At birth, a newborn baby’s stomach is very tiny, about the size of a cherry. Even the tiny hospital bottles are way too much for the first two weeks of baby’s life! Overfeeding does not help baby sleep and in fact, it causes unnecessary spit up and gastric discomfort. Additionally many new parents who are breastfeeding want to ensure that their baby is indeed eating enough. So that you and baby can both feel comfortable, this blog answers the question… How big is a newborn’s stomach?

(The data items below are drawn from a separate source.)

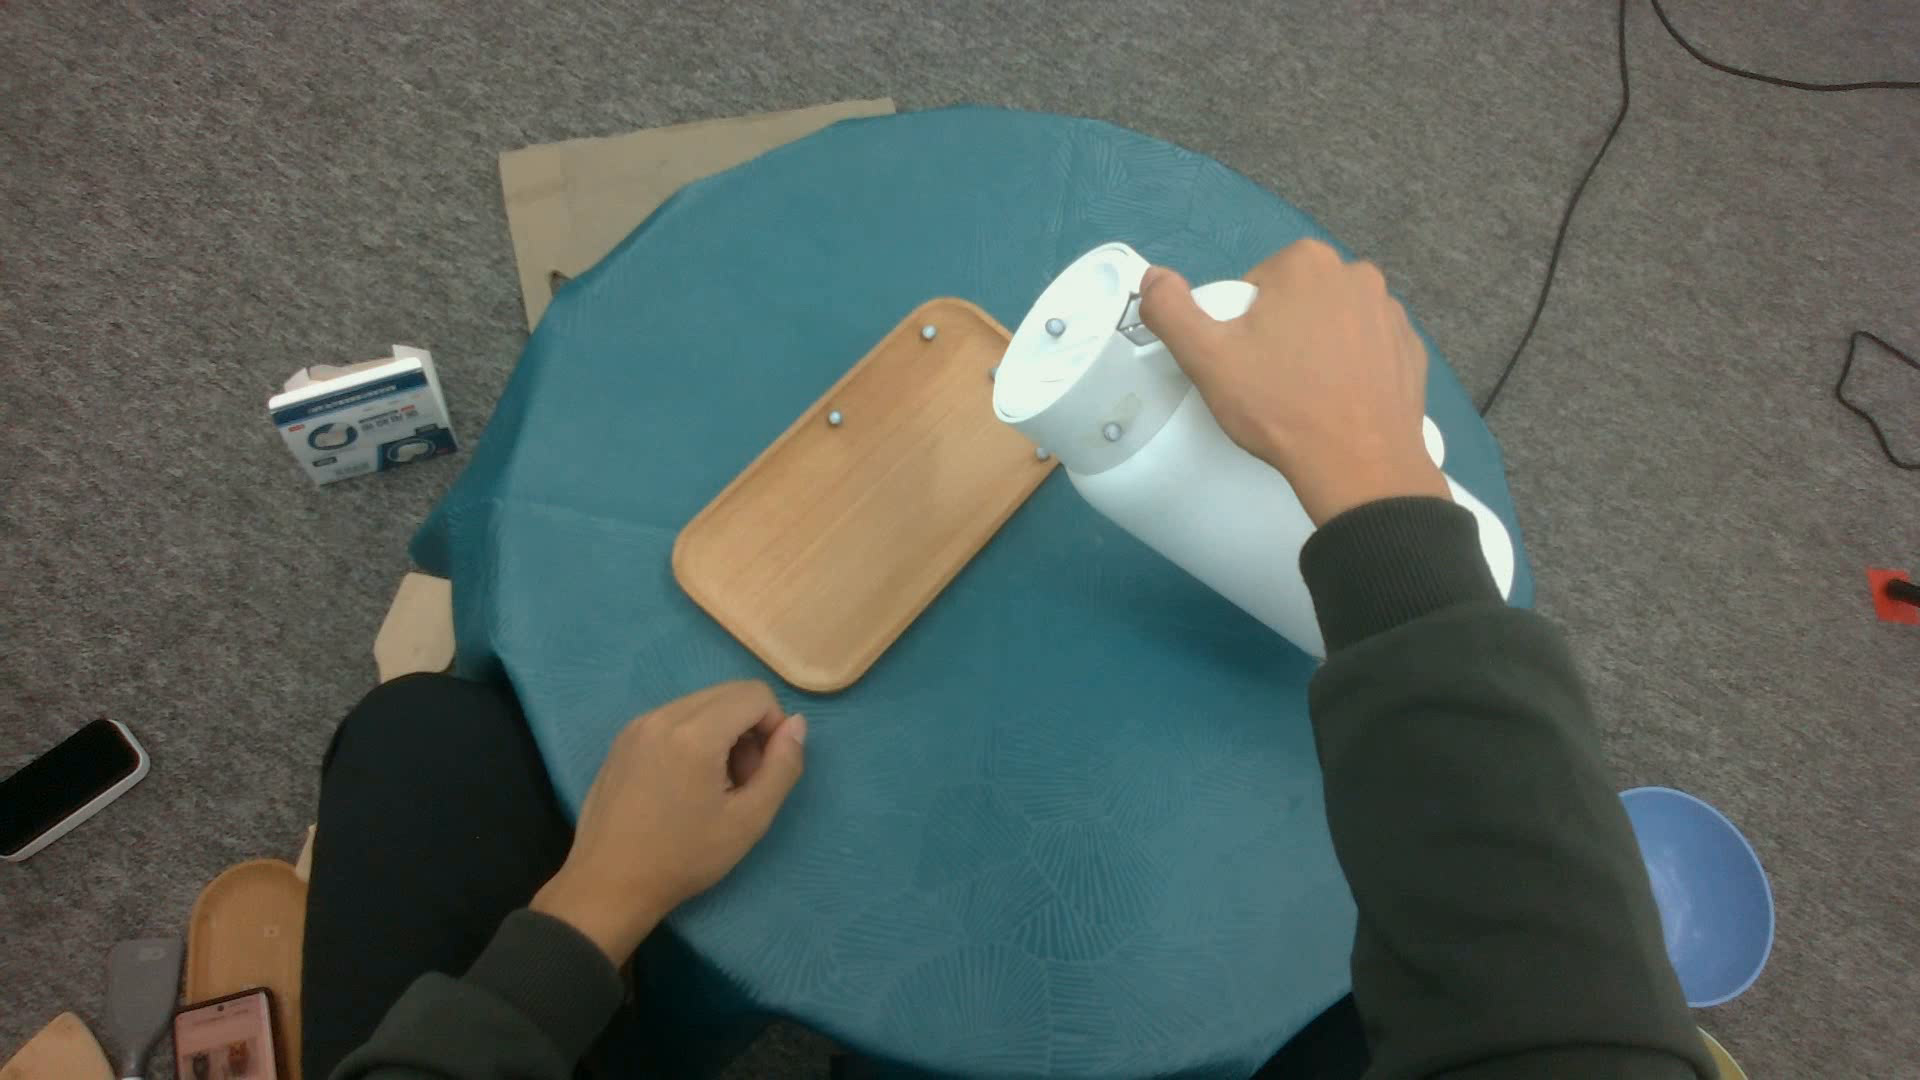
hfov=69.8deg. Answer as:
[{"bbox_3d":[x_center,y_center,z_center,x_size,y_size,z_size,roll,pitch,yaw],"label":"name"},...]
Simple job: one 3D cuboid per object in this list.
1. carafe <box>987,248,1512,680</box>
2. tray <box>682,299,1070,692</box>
[{"bbox_3d":[0.160,-0.038,0.687,0.269,0.172,0.124,33,67,-23],"label":"carafe"},{"bbox_3d":[-0.037,-0.031,0.796,0.130,0.023,0.251,40,69,11],"label":"tray"}]

Small, frequent feeds, sometimes up to 12 feeds per 24 hour period, are the norm in baby’s first weeks. If it feels like, “All I’m doing is nursing/feeding!” then chances are you’re doing everything right. For breastfeeding moms, milk typically “comes in” on about day four or five after baby’s birth.
Small frequent feeds are the norm during this time. Our helpful visual below shows the volume of a newborn’s stomach:
How big is a newborn’s stomach?
Things to Remember
If you have other questions about early breast or bottle feeding, Your First Night Home may help. One particular piece of advice to remember if you’re nursing is that milk doesn’t “come in” right away. It may seem like baby is not getting enough to eat but skin to skin contact and sucking are what helps milk to come in. Of course ask your pediatrician or lactation counselor if you’re worried.

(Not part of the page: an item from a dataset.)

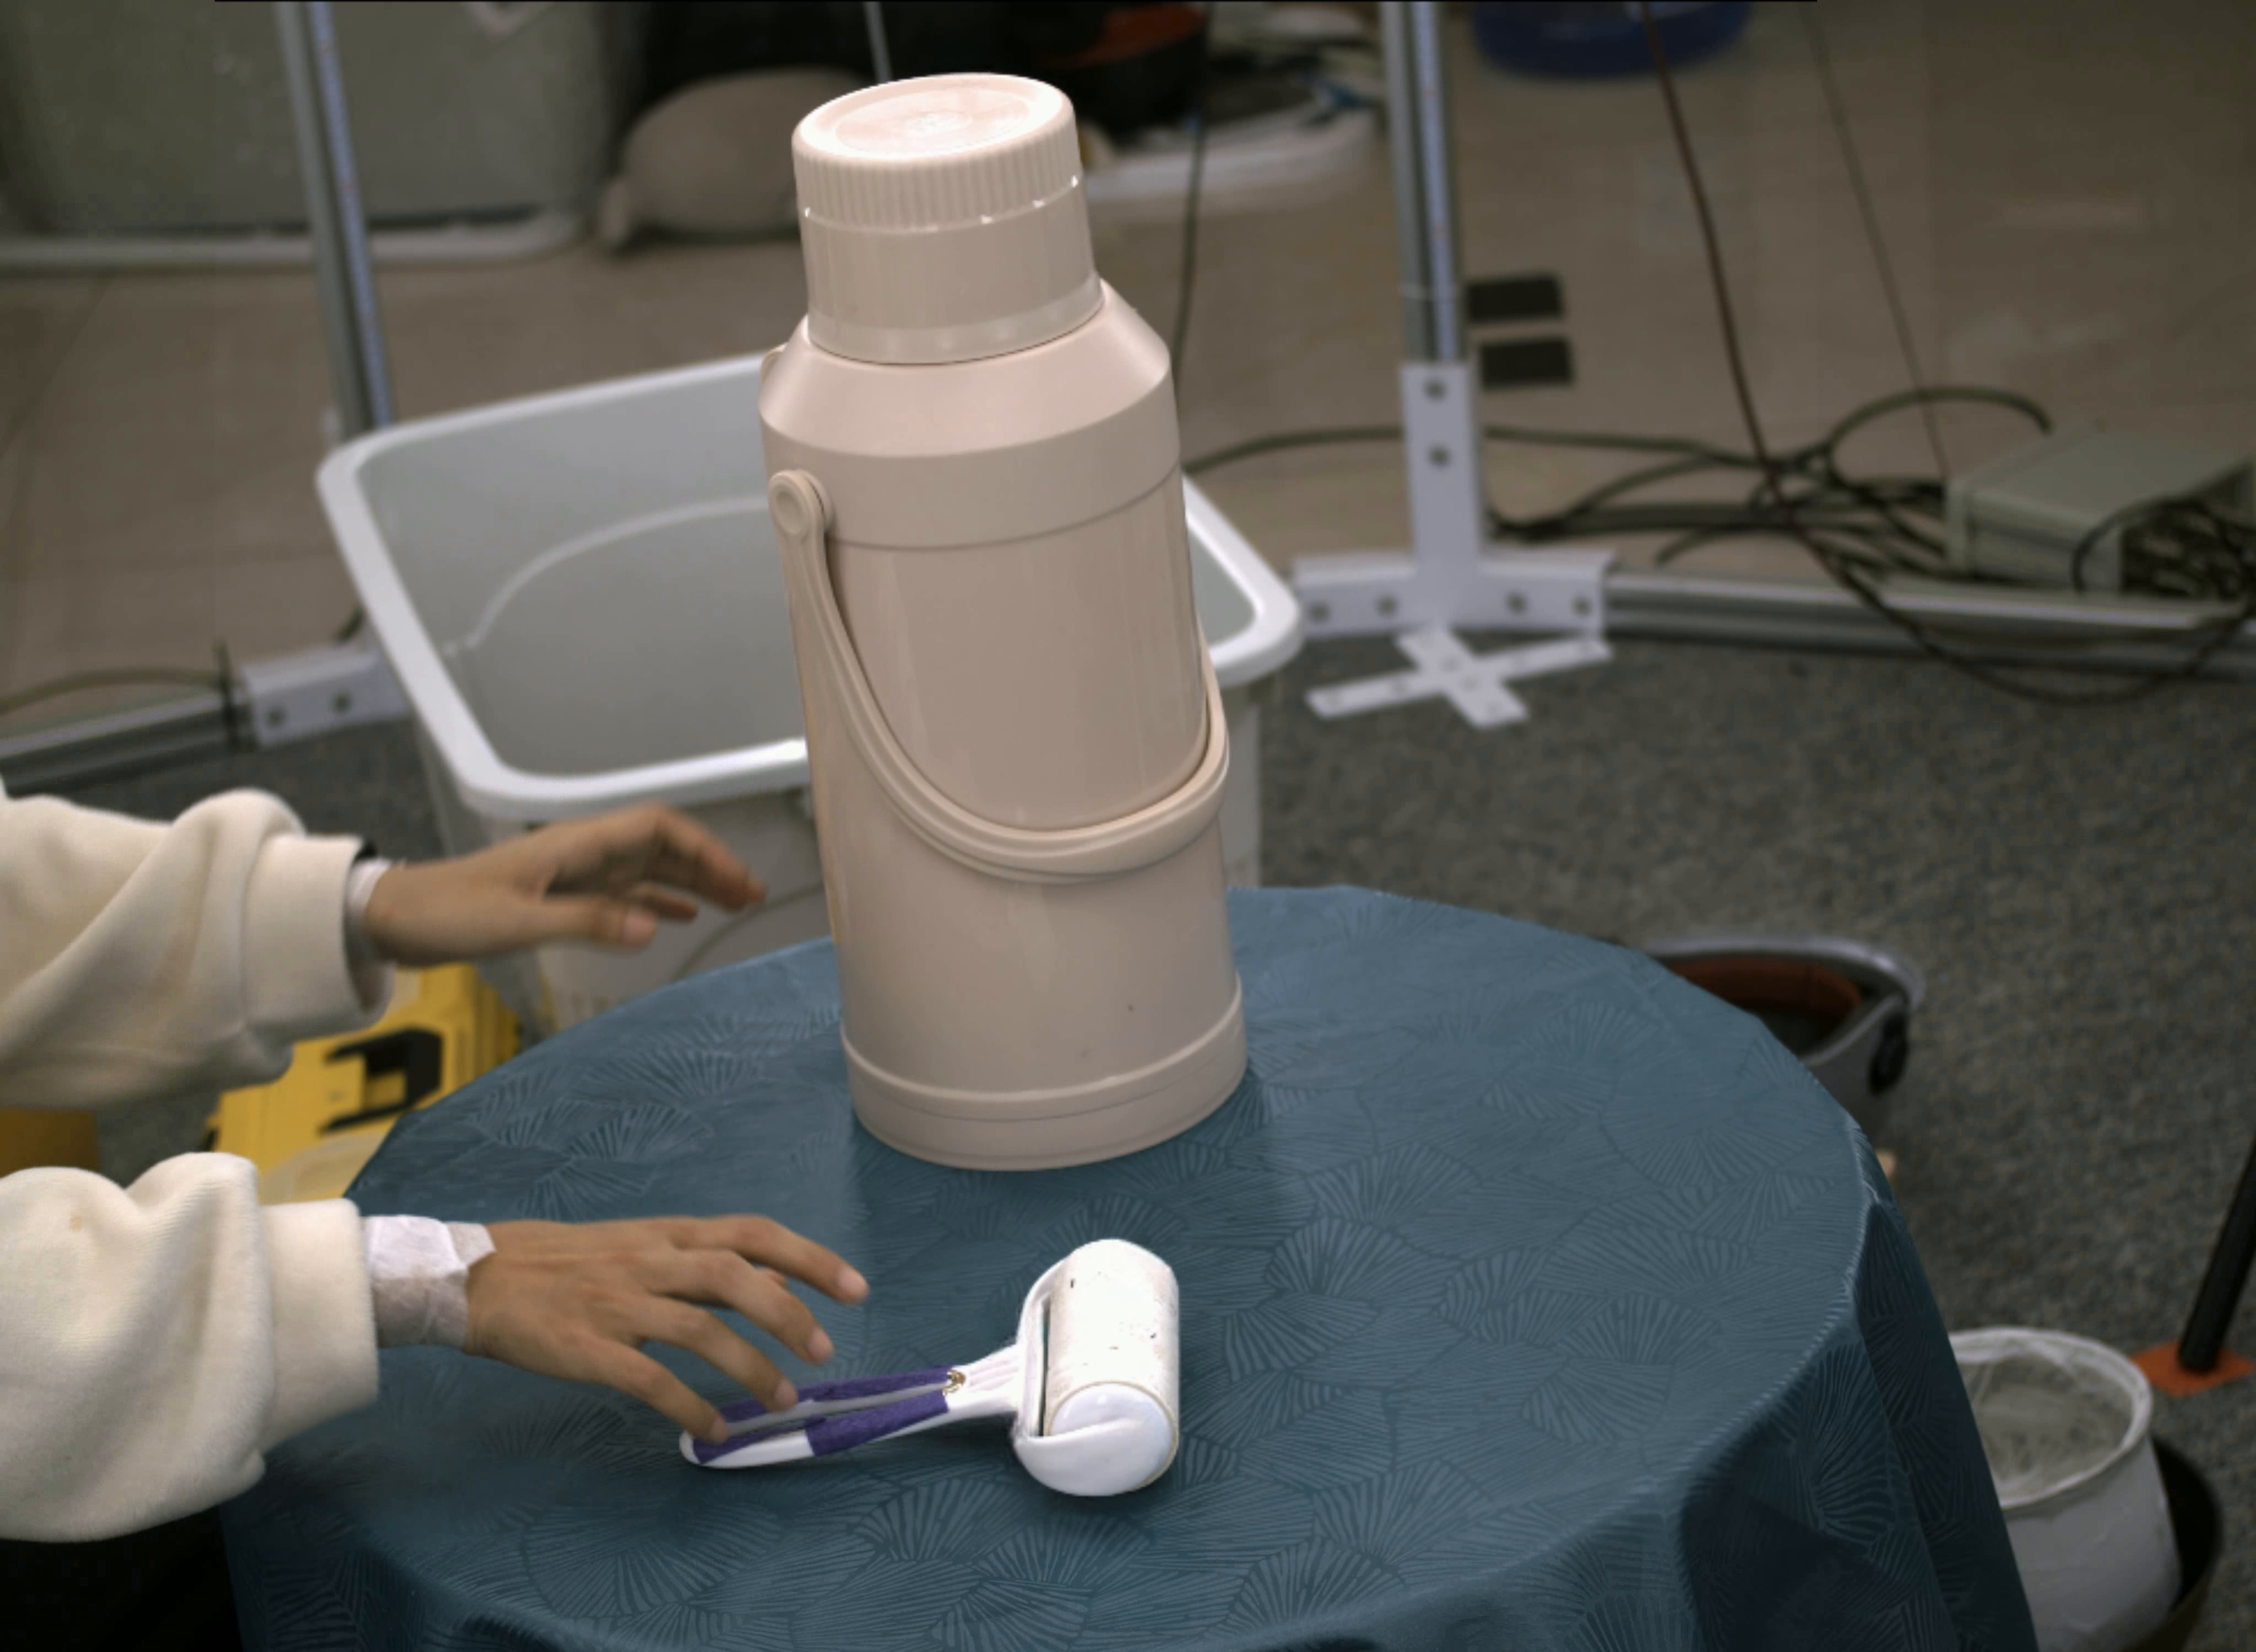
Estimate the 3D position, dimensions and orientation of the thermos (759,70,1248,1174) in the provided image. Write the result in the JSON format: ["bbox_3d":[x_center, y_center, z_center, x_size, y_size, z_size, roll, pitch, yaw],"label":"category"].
[{"bbox_3d":[-0.059,-0.082,2.161,0.174,0.413,0.205,-26,32,-34],"label":"thermos"}]

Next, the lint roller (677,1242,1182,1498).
[{"bbox_3d":[-0.070,0.192,1.993,0.180,0.051,0.131,-2,26,4],"label":"lint roller"}]

For bottle feeding families, remember that the speed of the bottle’s nipple and amount of formula will effect how much your newborn takes in. The pre-made hospital bottles you may be sent home with are WAY TOO MUCH formula for a newborn. It is very easy to overfeed from a bottle because baby can’t naturally start and stop the flow so even though our urge might be to feed, feed, feed and not waste any formula, refer to the chart above to give baby the correct amount of food.